Johanna Maria Louise Loisinger, Countess of Hartenau (18 April 1865 – 20 July 1951) was an Austrian actress, pianist and operatic soprano singer, who later became morganatic wife of Alexander Battenberg, the deposed ruler of the Principality of Bulgaria.

==Biography==
She was born in Preßburg, Hungary (today Bratislava), the daughter of John Loisinger and his wife, Maria Meier.

After she had completed her singing studies, Loisinger sang in Prague, Troppau (today Opava), Linz and at the court theatre in Darmstadt. She was a well-known singer of the works of Mozart.
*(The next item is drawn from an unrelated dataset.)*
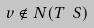Convert formula to latex. <formula><loc_0><loc_0><loc_500><loc_500>v \notin N ( T \ S )</formula> 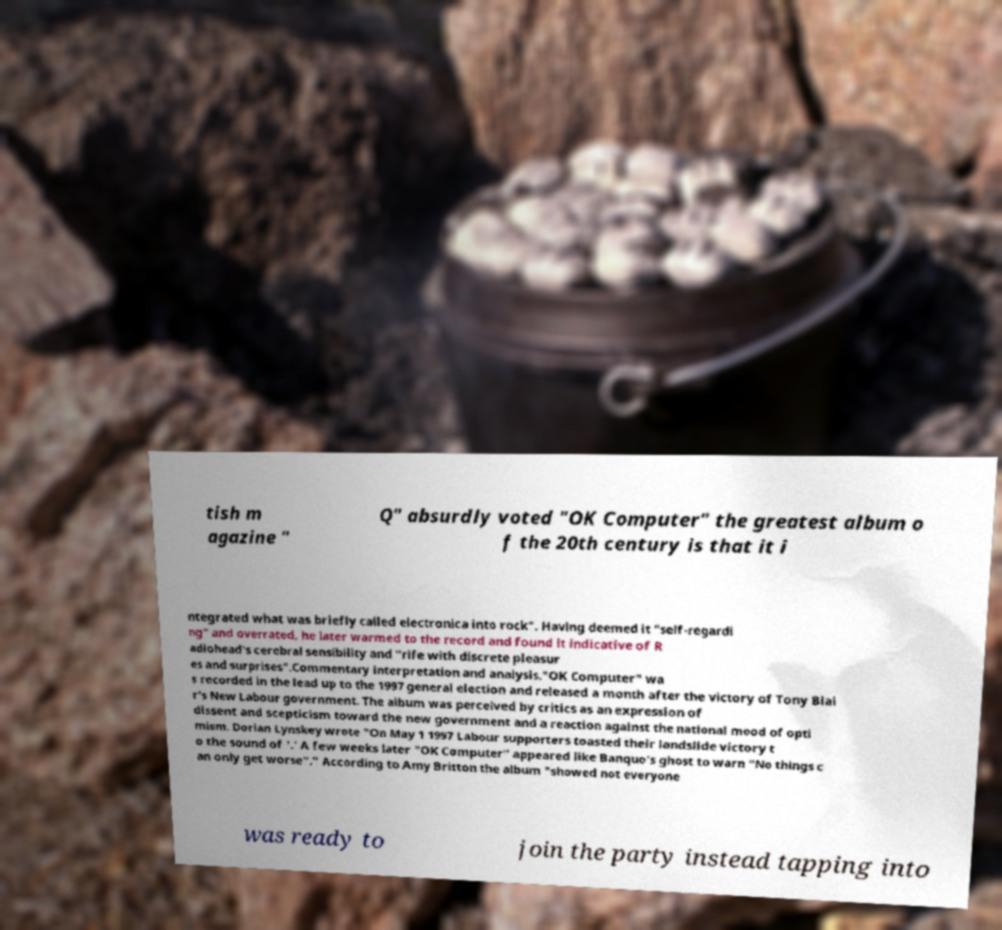For documentation purposes, I need the text within this image transcribed. Could you provide that? tish m agazine " Q" absurdly voted "OK Computer" the greatest album o f the 20th century is that it i ntegrated what was briefly called electronica into rock". Having deemed it "self-regardi ng" and overrated, he later warmed to the record and found it indicative of R adiohead's cerebral sensibility and "rife with discrete pleasur es and surprises".Commentary interpretation and analysis."OK Computer" wa s recorded in the lead up to the 1997 general election and released a month after the victory of Tony Blai r's New Labour government. The album was perceived by critics as an expression of dissent and scepticism toward the new government and a reaction against the national mood of opti mism. Dorian Lynskey wrote "On May 1 1997 Labour supporters toasted their landslide victory t o the sound of '.' A few weeks later "OK Computer" appeared like Banquo's ghost to warn "No things c an only get worse"." According to Amy Britton the album "showed not everyone was ready to join the party instead tapping into

Loisinger married Prince Alexander of Battenberg (1857–1893) on 6 February 1889 in Menton, Alpes-Maritimes, France. The prince had resigned from the Bulgarian throne in 1886 and had assumed the style of Count von Hartenau, for himself and his legitimate male-line descendants, so Loisinger became the Countess von Hartenau.

The couple settled in Graz, Austria, and had two children, Assen (1890–1965) and Zvetana (1893–1935). After her husband's early death, she moved to Vienna, where she was an active patron of musical organisations. Among other posts, she was president of the Vienna Symphony.

==Death==
Loisinger died on 20 July 1951 in Vienna, aged 86. She was buried in St. Leonhard Cemetery in Graz where her daughter Zvetana was previously buried.